H_0: All regions means are equal.

H_A: At least one region mean is different.

With a p-value of p = 2e-16 < 0.05, we can reject the null hypothesis and conclude that there is a significant difference in the mean education scores of communities for at least one U.S. region.

```{r ANOVA}
reg.aov <- aov(Education ~ region, data=comm)
summary(reg.aov)
```

### ANOVA Assumptions

(a) Independence of cases: Education scores for each community are independent of one another.

(b) Homogeneity of variance assumption: There appears to be no apparent relationship between residuals and fitted values, so we can assume the homogeneity of variances.

(c) Normality assumption: We can assume normality as most of the points fall along the reference line.

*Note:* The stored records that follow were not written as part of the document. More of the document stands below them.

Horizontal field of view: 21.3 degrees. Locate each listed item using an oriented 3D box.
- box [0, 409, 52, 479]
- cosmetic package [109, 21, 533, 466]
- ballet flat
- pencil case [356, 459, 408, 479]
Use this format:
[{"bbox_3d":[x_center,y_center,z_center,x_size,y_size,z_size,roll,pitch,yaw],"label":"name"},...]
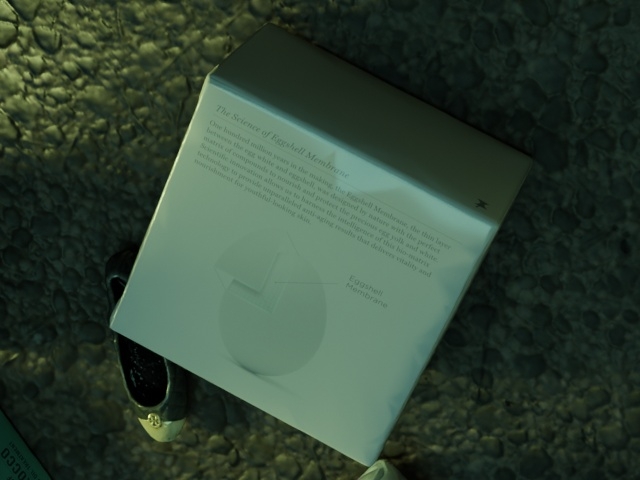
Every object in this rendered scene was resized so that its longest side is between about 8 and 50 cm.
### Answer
[{"bbox_3d":[-0.289,0.232,1.491,0.100,0.060,0.244,-27,103,27],"label":"box"},{"bbox_3d":[0.000,0.000,1.241,0.224,0.138,0.225,28,121,5],"label":"cosmetic package"},{"bbox_3d":[-0.148,0.090,1.384,0.057,0.049,0.173,-3,113,21],"label":"ballet flat"},{"bbox_3d":[0.104,0.299,1.354,0.273,0.124,0.113,42,119,-4],"label":"pencil case"}]

### ANOVA Assumptions: (b) Homogeneity

```{r homogeneity}
plot(reg.aov, 1)
```

### ANOVA Assumptions: (c) Normality 

```{r normality}
plot(reg.aov, 2)
```

```{r htRegion}
#inference(y = comm$Education, x = comm$region, est = "mean", type = "ht", null = 0, 
#          alternative = "greater", method = "theoretical")
```

### Conclusion

We found that there is a significant difference in the education scores (quality of education) of communities in the U.S. by region. Out of the top 500 healthiest communities, communities in the West are most in need of improvements in their Education systems. Furthermore, we found that Education is a significant predictor for the quality of Population Health of a community, and this can be modeled by the following linear regression:

\[
  \hat{Population Health} = 66.24492 + 0.17115 * Education
\]

By looking at Education as a significant predictor for Population Health, we can consider alternative and innovative ways to improve the health of a community and allocate funds accordingly. As community members become more educated overall, they are more likely to make educated decisions about their health choices. Schools could also better integrate health education in their curriculums and incentivize healthy habits at a younger age in order to improve long term health outcomes.

Further research can blend this dataset to U.S. census level data on the median income for these communities and see if there are significant relationships between income and any of the social determinants of health components. I would assume that all components would correlate positively with a community's level of income. We could also extend this project to look at all communities in the U.S., rather than just the top 500 'healthiest' communities as we focused on here.